Biz Kardeşçe Yaşamayı Neden Beceremiyoruz?

“İslâm’a çağırıldığı halde Allah’a karşı yalan uydurandan daha zalim kim olabilir! Allah, zalimler topluluğunu doğru yola erdirmez..” İnsanlar diğer kardeşlerinin iyiliklerini anlatmalı, kötü alışkanlıklarını görmemeye çalışmalıdır. Kendi üstünlüklerinin başkalarını kötülemekle kanıtlanacağını zannedenler iki cihanda da aldanırlar.

“Kim kasıtlı veya kasıtsız bir günah kazanır da sonra onu bir suçsuzun üzerine atarsa, muhakkak ki, büyük bir iftira ve apaçık bir günah yüklenmiş olur.” (Nisa Suresi-112)
“Ancak bundan sonra tövbe edip ıslah olanlar müstesnadır. Allah çok bağışlayıcı ve merhametlidir.” (Nur Suresi 5)

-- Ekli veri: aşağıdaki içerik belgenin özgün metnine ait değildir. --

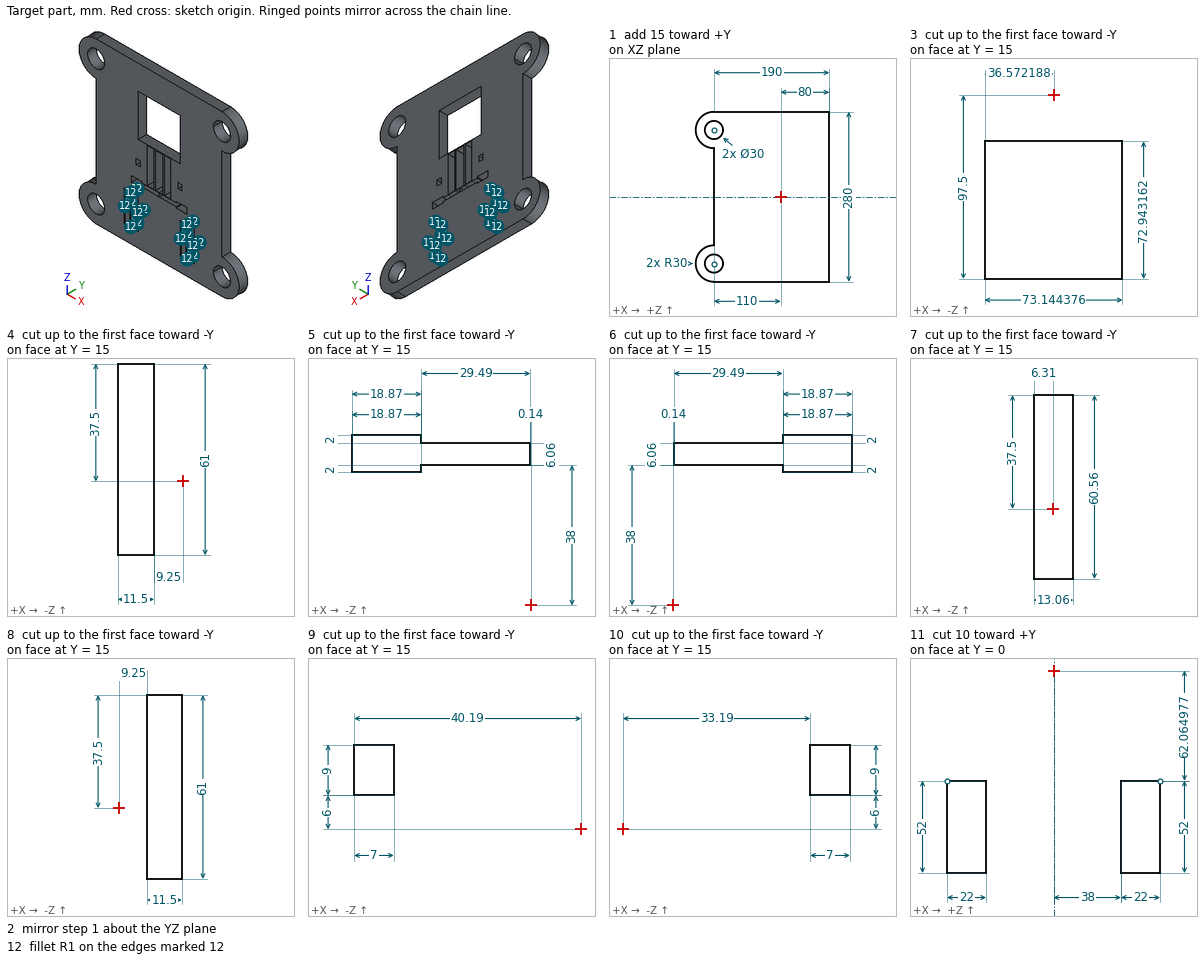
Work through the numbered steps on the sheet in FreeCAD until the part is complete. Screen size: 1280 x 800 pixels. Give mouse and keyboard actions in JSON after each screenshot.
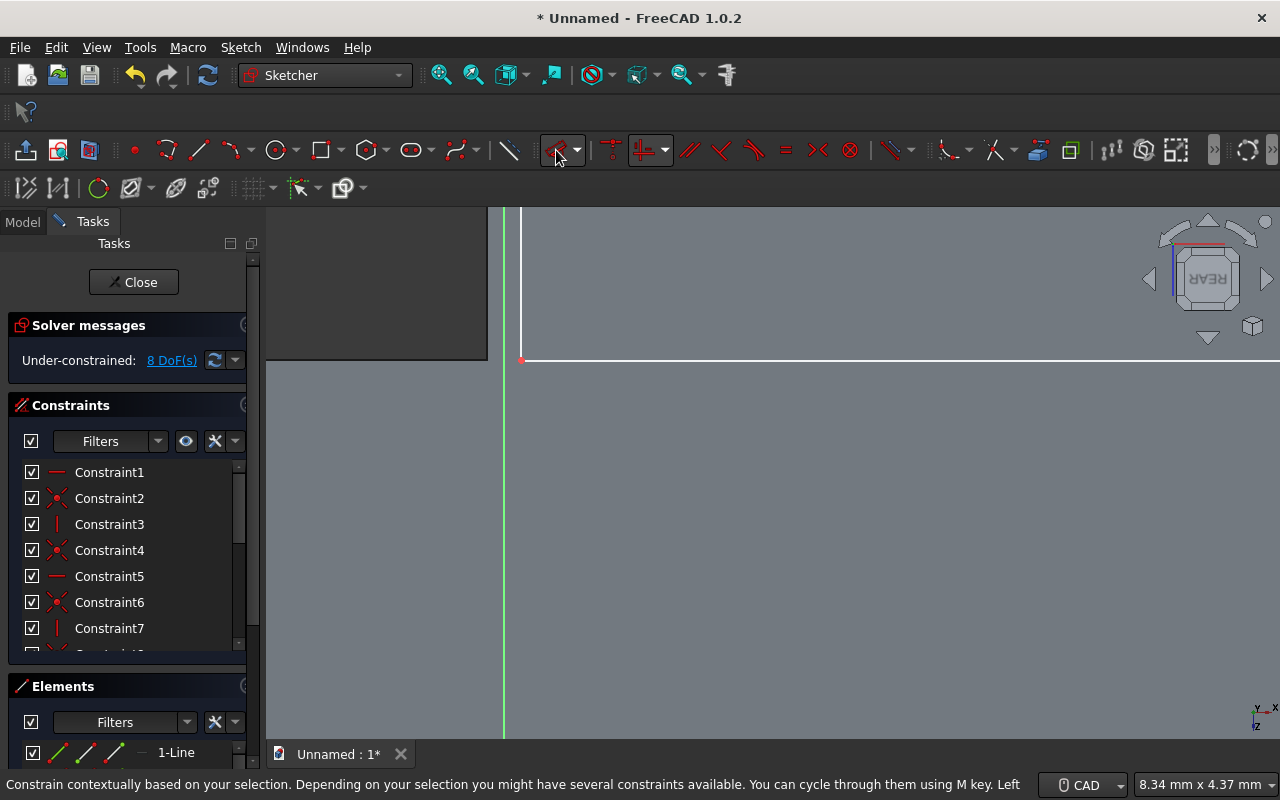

Dinimizde bazı günahlar vardır ki: keffâreti yoktur. Bunlar; Allâh’a şirk koşmak, haksız yere adam öldürmek, Mü’mine bühtan ve iftirada bulunmak, muharebe günü cihattan kaçmak ve yalan yere yemin ile hakkı ifsat etmektir.

İslam dininin özünde kardeşlik vardır: "Müminler ancak kardeştir. İhtilaf ettikleri zaman, iki kardeşinizin arasını düzeltin ve sakının ki, merhamet olunasınız" (Hucurat Suresi, 10) Dinimizin bu ilâhi buyruğu ile kurulmuş olması, İslâm toplumunu iman kardeşliği üzerinde yükselen güçlü bir toplum yapmaktadır. Kardeşlikten uzaklaşırsak gücümüzü kaybeder dağılırız!

Bugün özellikle sosyal medyada ve siyasi arenada insanlar duydukları ya da uydurdukları yalan haberleri essahmış gibi yayıyor ve insanlara iftira etmekten de çekinmiyorlar. İster alenen, ister dolaylı, isterse sosyal medyada bu tür haberleri yayan ve dedikodu çıkararak,
insanlara iftira edenler büyük günah işlemektedirler. Bu iftiracılar Muhatabını bulup onunla helalleşmedikçe cennete giremezler. Çünkü kul hakkına girmiş olurlar ve kardeşine iftiradan dolayı da müfteri durumuna düşerler.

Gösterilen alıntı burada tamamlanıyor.